-- To do --
Please transcribe the entries that follow exactly as they stand, skipping each picture.

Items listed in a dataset
"""
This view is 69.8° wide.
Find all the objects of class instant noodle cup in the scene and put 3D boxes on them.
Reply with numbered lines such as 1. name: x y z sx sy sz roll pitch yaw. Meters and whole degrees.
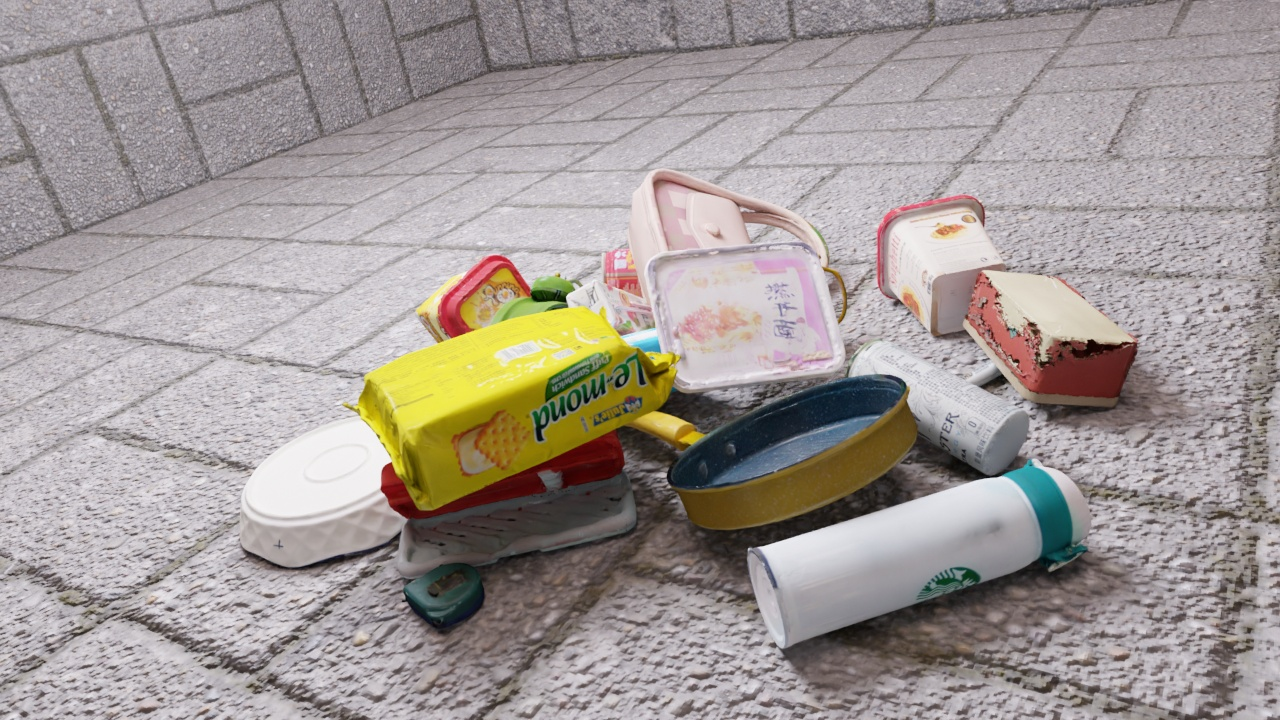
1. instant noodle cup: -0.194 -0.053 1.084 0.124 0.116 0.115 3 44 51
2. instant noodle cup: 0.091 -0.035 0.859 0.173 0.138 0.060 -6 -18 -16
3. instant noodle cup: 0.321 -0.096 0.967 0.116 0.116 0.124 -12 38 0

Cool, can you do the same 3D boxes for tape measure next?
1. tape measure: -0.149 0.178 0.704 0.054 0.025 0.058 -31 33 -31

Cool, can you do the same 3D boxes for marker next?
1. marker: 0.279 0.029 0.827 0.145 0.017 0.017 -24 29 -23

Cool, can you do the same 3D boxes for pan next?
1. pan: 0.065 0.063 0.777 0.197 0.078 0.358 -28 9 -35

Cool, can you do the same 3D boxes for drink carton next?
1. drink carton: -0.024 -0.045 0.961 0.046 0.053 0.122 -28 -18 21

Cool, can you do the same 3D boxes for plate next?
1. plate: -0.280 0.112 0.869 0.205 0.046 0.204 -10 26 5

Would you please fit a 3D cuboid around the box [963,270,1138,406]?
1. box: 0.362 -0.032 0.824 0.091 0.077 0.168 4 26 -4

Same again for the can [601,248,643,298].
1. can: 0.000 -0.108 1.151 0.094 0.067 0.066 -3 27 2

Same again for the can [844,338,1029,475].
1. can: 0.241 0.035 0.757 0.058 0.058 0.147 -27 40 -27

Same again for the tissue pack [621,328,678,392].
1. tissue pack: -0.005 0.005 0.903 0.139 0.063 0.090 -15 6 -27

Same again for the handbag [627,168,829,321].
1. handbag: 0.109 -0.130 1.085 0.234 0.094 0.193 0 52 -14

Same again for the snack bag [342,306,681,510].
1. snack bag: -0.105 0.022 0.745 0.246 0.068 0.158 -22 29 -20

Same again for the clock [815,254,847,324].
1. clock: 0.137 -0.053 0.944 0.158 0.117 0.060 -13 7 -2

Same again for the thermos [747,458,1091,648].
1. thermos: 0.189 0.129 0.614 0.224 0.073 0.073 -15 26 -7

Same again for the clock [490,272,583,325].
1. clock: -0.093 -0.020 0.954 0.056 0.116 0.160 -1 44 34

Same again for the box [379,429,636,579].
1. box: -0.106 0.124 0.761 0.201 0.095 0.098 -12 61 0

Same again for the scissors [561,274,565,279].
1. scissors: -0.113 -0.083 1.224 0.162 0.012 0.173 -5 26 17
"""
-- Output for this exercise --
This view is 69.8° wide.
Find all the objects of class instant noodle cup in the scene and put 3D boxes on them.
Reply with numbered lines such as 1. name: x y z sx sy sz roll pitch yaw. Meters and whole degrees.
1. instant noodle cup: -0.194 -0.053 1.084 0.124 0.116 0.115 3 44 51
2. instant noodle cup: 0.091 -0.035 0.859 0.173 0.138 0.060 -6 -18 -16
3. instant noodle cup: 0.321 -0.096 0.967 0.116 0.116 0.124 -12 38 0

Cool, can you do the same 3D boxes for tape measure next?
1. tape measure: -0.149 0.178 0.704 0.054 0.025 0.058 -31 33 -31

Cool, can you do the same 3D boxes for marker next?
1. marker: 0.279 0.029 0.827 0.145 0.017 0.017 -24 29 -23

Cool, can you do the same 3D boxes for pan next?
1. pan: 0.065 0.063 0.777 0.197 0.078 0.358 -28 9 -35

Cool, can you do the same 3D boxes for drink carton next?
1. drink carton: -0.024 -0.045 0.961 0.046 0.053 0.122 -28 -18 21

Cool, can you do the same 3D boxes for plate next?
1. plate: -0.280 0.112 0.869 0.205 0.046 0.204 -10 26 5

Would you please fit a 3D cuboid around the box [963,270,1138,406]?
1. box: 0.362 -0.032 0.824 0.091 0.077 0.168 4 26 -4

Same again for the can [601,248,643,298].
1. can: 0.000 -0.108 1.151 0.094 0.067 0.066 -3 27 2

Same again for the can [844,338,1029,475].
1. can: 0.241 0.035 0.757 0.058 0.058 0.147 -27 40 -27

Same again for the tissue pack [621,328,678,392].
1. tissue pack: -0.005 0.005 0.903 0.139 0.063 0.090 -15 6 -27

Same again for the handbag [627,168,829,321].
1. handbag: 0.109 -0.130 1.085 0.234 0.094 0.193 0 52 -14

Same again for the snack bag [342,306,681,510].
1. snack bag: -0.105 0.022 0.745 0.246 0.068 0.158 -22 29 -20

Same again for the clock [815,254,847,324].
1. clock: 0.137 -0.053 0.944 0.158 0.117 0.060 -13 7 -2

Same again for the thermos [747,458,1091,648].
1. thermos: 0.189 0.129 0.614 0.224 0.073 0.073 -15 26 -7

Same again for the clock [490,272,583,325].
1. clock: -0.093 -0.020 0.954 0.056 0.116 0.160 -1 44 34

Same again for the box [379,429,636,579].
1. box: -0.106 0.124 0.761 0.201 0.095 0.098 -12 61 0

Same again for the scissors [561,274,565,279].
1. scissors: -0.113 -0.083 1.224 0.162 0.012 0.173 -5 26 17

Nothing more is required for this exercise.